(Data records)
Segment Open
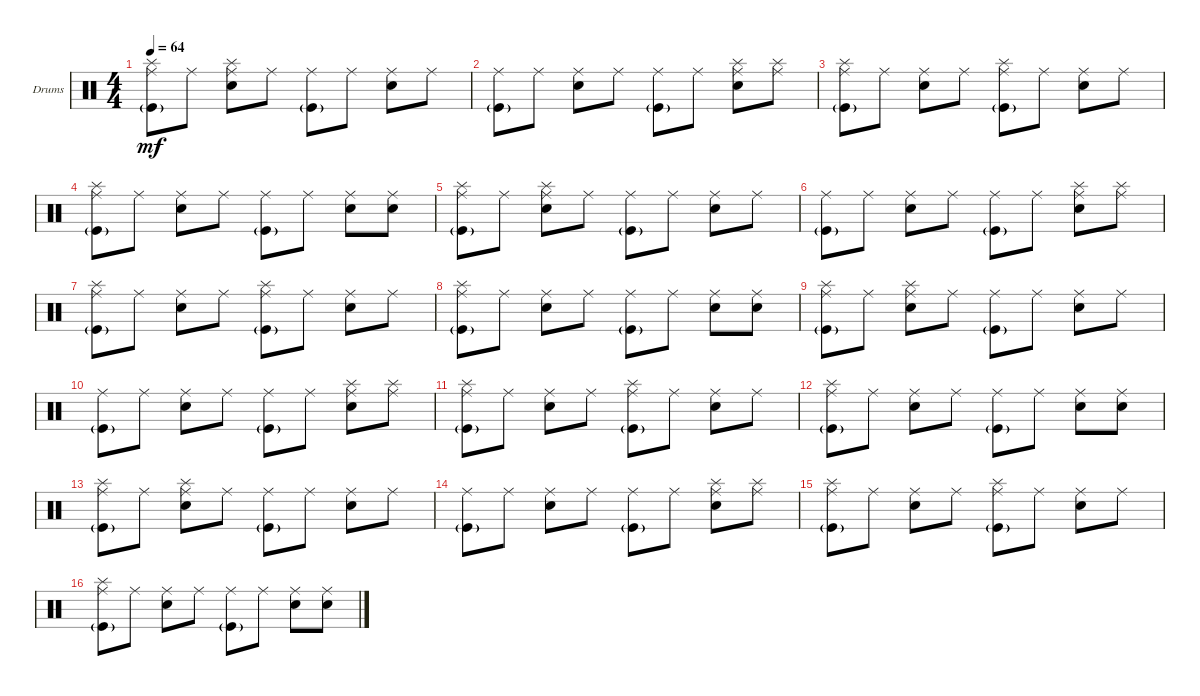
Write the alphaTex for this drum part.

\defaultSystemsLayout 4
\bracketExtendMode groupsimilarinstruments
\firstSystemTrackNameOrientation horizontal
\otherSystemsTrackNameOrientation horizontal
\track ("Drumkit" "Drums") {instrument percussion}
\staff {score}
\articulation defaults
\ts (4 4)
\tempo 64
\clef neutral
\ks c
("Ride (middle)" "Splash (hit)" "Kick (hit)"{g}).8{dy mf} "Ride (middle)".8 ("Ride (middle)" "Snare (hit) 2" "Splash (hit)").8 "Ride (middle)".8 ("Ride (middle)" "Kick (hit)"{g}).8 "Ride (middle)".8 ("Ride (middle)" "Snare (hit) 2").8 "Ride (middle)".8 |
("Ride (middle)" "Kick (hit)"{g}).8 "Ride (middle)".8 ("Ride (middle)" "Snare (hit) 2").8 "Ride (middle)".8 ("Ride (middle)" "Kick (hit)"{g}).8 "Ride (middle)".8 ("Ride (middle)" "Snare (hit) 2" "Splash (hit)").8 ("Ride (middle)" "Splash (hit)").8 |
("Ride (middle)" "Splash (hit)" "Kick (hit)"{g}).8 "Ride (middle)".8 ("Ride (middle)" "Snare (hit) 2").8 "Ride (middle)".8 ("Ride (middle)" "Kick (hit)"{g} "Splash (hit)").8 "Ride (middle)".8 ("Ride (middle)" "Snare (hit) 2").8 "Ride (middle)".8 |
("Ride (middle)" "Kick (hit)"{g} "Splash (hit)").8 "Ride (middle)".8 ("Ride (middle)" "Snare (hit) 2").8 "Ride (middle)".8 ("Ride (middle)" "Kick (hit)"{g}).8 "Ride (middle)".8 ("Ride (middle)" "Snare (hit) 2").8 ("Ride (middle)" "Snare (hit) 2").8 |
("Ride (middle)" "Splash (hit)" "Kick (hit)"{g}).8 "Ride (middle)".8 ("Ride (middle)" "Snare (hit) 2" "Splash (hit)").8 "Ride (middle)".8 ("Ride (middle)" "Kick (hit)"{g}).8 "Ride (middle)".8 ("Ride (middle)" "Snare (hit) 2").8 "Ride (middle)".8 |
("Ride (middle)" "Kick (hit)"{g}).8 "Ride (middle)".8 ("Ride (middle)" "Snare (hit) 2").8 "Ride (middle)".8 ("Ride (middle)" "Kick (hit)"{g}).8 "Ride (middle)".8 ("Ride (middle)" "Snare (hit) 2" "Splash (hit)").8 ("Ride (middle)" "Splash (hit)").8 |
("Ride (middle)" "Splash (hit)" "Kick (hit)"{g}).8 "Ride (middle)".8 ("Ride (middle)" "Snare (hit) 2").8 "Ride (middle)".8 ("Ride (middle)" "Kick (hit)"{g} "Splash (hit)").8 "Ride (middle)".8 ("Ride (middle)" "Snare (hit) 2").8 "Ride (middle)".8 |
("Ride (middle)" "Kick (hit)"{g} "Splash (hit)").8 "Ride (middle)".8 ("Ride (middle)" "Snare (hit) 2").8 "Ride (middle)".8 ("Ride (middle)" "Kick (hit)"{g}).8 "Ride (middle)".8 ("Ride (middle)" "Snare (hit) 2").8 ("Ride (middle)" "Snare (hit) 2").8 |
("Ride (middle)" "Splash (hit)" "Kick (hit)"{g}).8 "Ride (middle)".8 ("Ride (middle)" "Snare (hit) 2" "Splash (hit)").8 "Ride (middle)".8 ("Ride (middle)" "Kick (hit)"{g}).8 "Ride (middle)".8 ("Ride (middle)" "Snare (hit) 2").8 "Ride (middle)".8 |
("Ride (middle)" "Kick (hit)"{g}).8 "Ride (middle)".8 ("Ride (middle)" "Snare (hit) 2").8 "Ride (middle)".8 ("Ride (middle)" "Kick (hit)"{g}).8 "Ride (middle)".8 ("Ride (middle)" "Snare (hit) 2" "Splash (hit)").8 ("Ride (middle)" "Splash (hit)").8 |
("Ride (middle)" "Splash (hit)" "Kick (hit)"{g}).8 "Ride (middle)".8 ("Ride (middle)" "Snare (hit) 2").8 "Ride (middle)".8 ("Ride (middle)" "Kick (hit)"{g} "Splash (hit)").8 "Ride (middle)".8 ("Ride (middle)" "Snare (hit) 2").8 "Ride (middle)".8 |
("Ride (middle)" "Kick (hit)"{g} "Splash (hit)").8 "Ride (middle)".8 ("Ride (middle)" "Snare (hit) 2").8 "Ride (middle)".8 ("Ride (middle)" "Kick (hit)"{g}).8 "Ride (middle)".8 ("Ride (middle)" "Snare (hit) 2").8 ("Ride (middle)" "Snare (hit) 2").8 |
("Ride (middle)" "Splash (hit)" "Kick (hit)"{g}).8 "Ride (middle)".8 ("Ride (middle)" "Snare (hit) 2" "Splash (hit)").8 "Ride (middle)".8 ("Ride (middle)" "Kick (hit)"{g}).8 "Ride (middle)".8 ("Ride (middle)" "Snare (hit) 2").8 "Ride (middle)".8 |
("Ride (middle)" "Kick (hit)"{g}).8 "Ride (middle)".8 ("Ride (middle)" "Snare (hit) 2").8 "Ride (middle)".8 ("Ride (middle)" "Kick (hit)"{g}).8 "Ride (middle)".8 ("Ride (middle)" "Snare (hit) 2" "Splash (hit)").8 ("Ride (middle)" "Splash (hit)").8 |
("Ride (middle)" "Splash (hit)" "Kick (hit)"{g}).8 "Ride (middle)".8 ("Ride (middle)" "Snare (hit) 2").8 "Ride (middle)".8 ("Ride (middle)" "Kick (hit)"{g} "Splash (hit)").8 "Ride (middle)".8 ("Ride (middle)" "Snare (hit) 2").8 "Ride (middle)".8 |
("Ride (middle)" "Kick (hit)"{g} "Splash (hit)").8 "Ride (middle)".8 ("Ride (middle)" "Snare (hit) 2").8 "Ride (middle)".8 ("Ride (middle)" "Kick (hit)"{g}).8 "Ride (middle)".8 ("Ride (middle)" "Snare (hit) 2").8 ("Ride (middle)" "Snare (hit) 2").8
Segment Closed
● Required action
State how many lines above contain the string "horizontal", with no other words.

● Result of the exercise
2